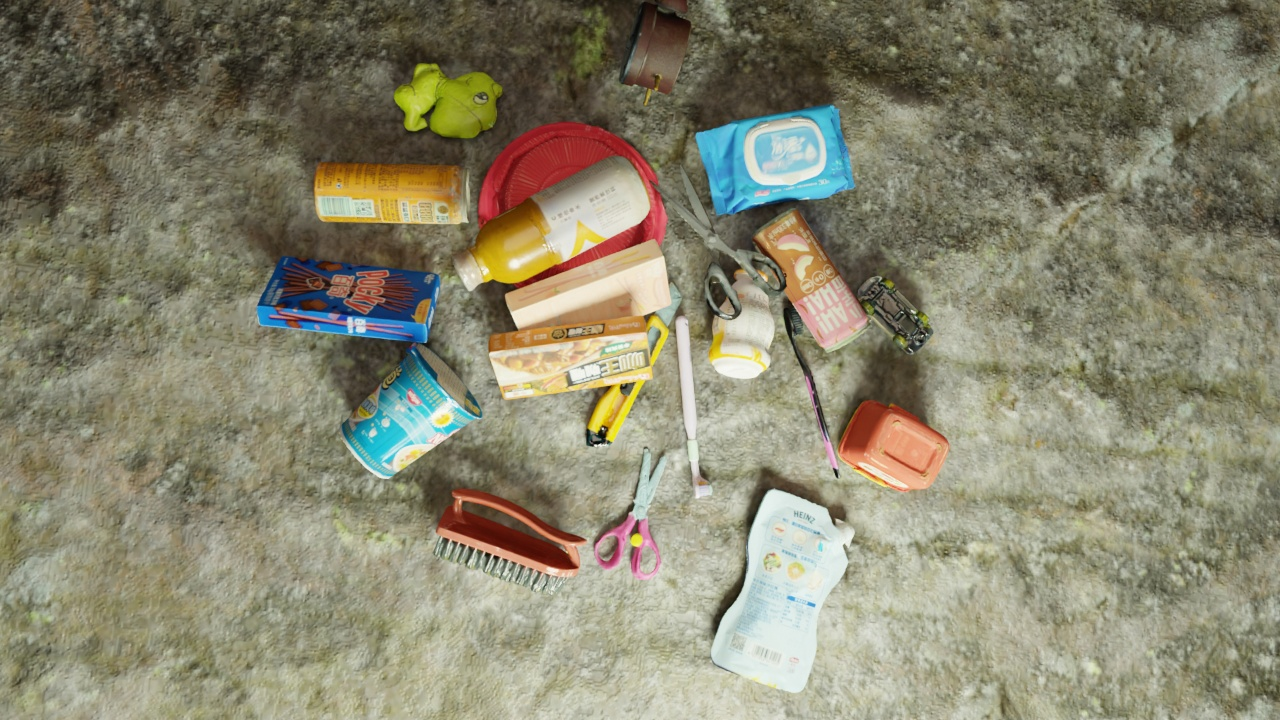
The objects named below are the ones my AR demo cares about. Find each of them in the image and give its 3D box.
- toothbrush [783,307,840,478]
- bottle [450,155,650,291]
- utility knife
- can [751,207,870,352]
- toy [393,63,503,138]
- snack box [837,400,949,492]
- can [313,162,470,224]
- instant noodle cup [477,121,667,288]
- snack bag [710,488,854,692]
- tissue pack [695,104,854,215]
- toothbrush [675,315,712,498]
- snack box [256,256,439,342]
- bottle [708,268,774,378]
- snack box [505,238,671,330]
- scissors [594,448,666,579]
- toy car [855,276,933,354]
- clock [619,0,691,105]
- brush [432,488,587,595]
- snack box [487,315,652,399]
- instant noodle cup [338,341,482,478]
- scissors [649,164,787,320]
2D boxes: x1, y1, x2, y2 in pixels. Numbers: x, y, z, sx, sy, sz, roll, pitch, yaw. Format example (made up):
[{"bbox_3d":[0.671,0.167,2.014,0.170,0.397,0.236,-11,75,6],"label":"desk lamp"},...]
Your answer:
[{"bbox_3d":[0.184,0.034,0.969,0.017,0.014,0.189,-17,91,-19],"label":"toothbrush"},{"bbox_3d":[-0.084,-0.123,0.853,0.189,0.068,0.068,-28,91,-6],"label":"bottle"},{"bbox_3d":[-0.006,0.006,0.948,0.033,0.015,0.193,28,85,-7],"label":"utility knife"},{"bbox_3d":[0.176,-0.083,0.949,0.058,0.058,0.147,-33,91,-6],"label":"can"},{"bbox_3d":[-0.193,-0.260,0.930,0.100,0.031,0.096,40,84,1],"label":"toy"},{"bbox_3d":[0.263,0.088,0.941,0.091,0.080,0.082,28,85,-4],"label":"snack box"},{"bbox_3d":[-0.244,-0.165,0.908,0.146,0.058,0.058,0,88,-6],"label":"can"},{"bbox_3d":[-0.067,-0.153,0.923,0.194,0.066,0.194,0,88,-7],"label":"instant noodle cup"},{"bbox_3d":[0.149,0.237,0.946,0.110,0.039,0.191,20,84,0],"label":"snack bag"},{"bbox_3d":[0.141,-0.209,0.952,0.157,0.052,0.095,-11,89,-6],"label":"tissue pack"},{"bbox_3d":[0.053,0.047,0.952,0.021,0.029,0.189,-8,87,31],"label":"toothbrush"},{"bbox_3d":[-0.280,-0.060,0.891,0.157,0.084,0.026,6,130,-6],"label":"snack box"},{"bbox_3d":[0.106,-0.039,0.939,0.063,0.063,0.108,12,74,-6],"label":"bottle"},{"bbox_3d":[-0.049,-0.060,0.911,0.157,0.084,0.026,-21,59,-5],"label":"snack box"},{"bbox_3d":[-0.010,0.154,0.946,0.077,0.017,0.137,6,83,3],"label":"scissors"},{"bbox_3d":[0.265,-0.048,0.968,0.090,0.035,0.042,45,83,-2],"label":"toy car"},{"bbox_3d":[0.018,-0.326,0.929,0.055,0.082,0.122,15,87,-10],"label":"clock"},{"bbox_3d":[-0.127,0.178,0.906,0.146,0.063,0.069,22,99,-6],"label":"brush"},{"bbox_3d":[-0.067,-0.002,0.905,0.154,0.075,0.026,-8,50,1],"label":"snack box"},{"bbox_3d":[-0.227,0.053,0.890,0.110,0.099,0.099,-41,92,3],"label":"instant noodle cup"},{"bbox_3d":[0.075,-0.115,0.918,0.159,0.014,0.170,17,65,-11],"label":"scissors"}]

══════════════════════════════

*Problem statement*: Within the material above, extract exactly the lines that start at the line containing "- snack bag [710,488,854,692]" and stop after the line containing "- snack box [487,315,652,399]", and only those.

*Answer to the exercise*:
- snack bag [710,488,854,692]
- tissue pack [695,104,854,215]
- toothbrush [675,315,712,498]
- snack box [256,256,439,342]
- bottle [708,268,774,378]
- snack box [505,238,671,330]
- scissors [594,448,666,579]
- toy car [855,276,933,354]
- clock [619,0,691,105]
- brush [432,488,587,595]
- snack box [487,315,652,399]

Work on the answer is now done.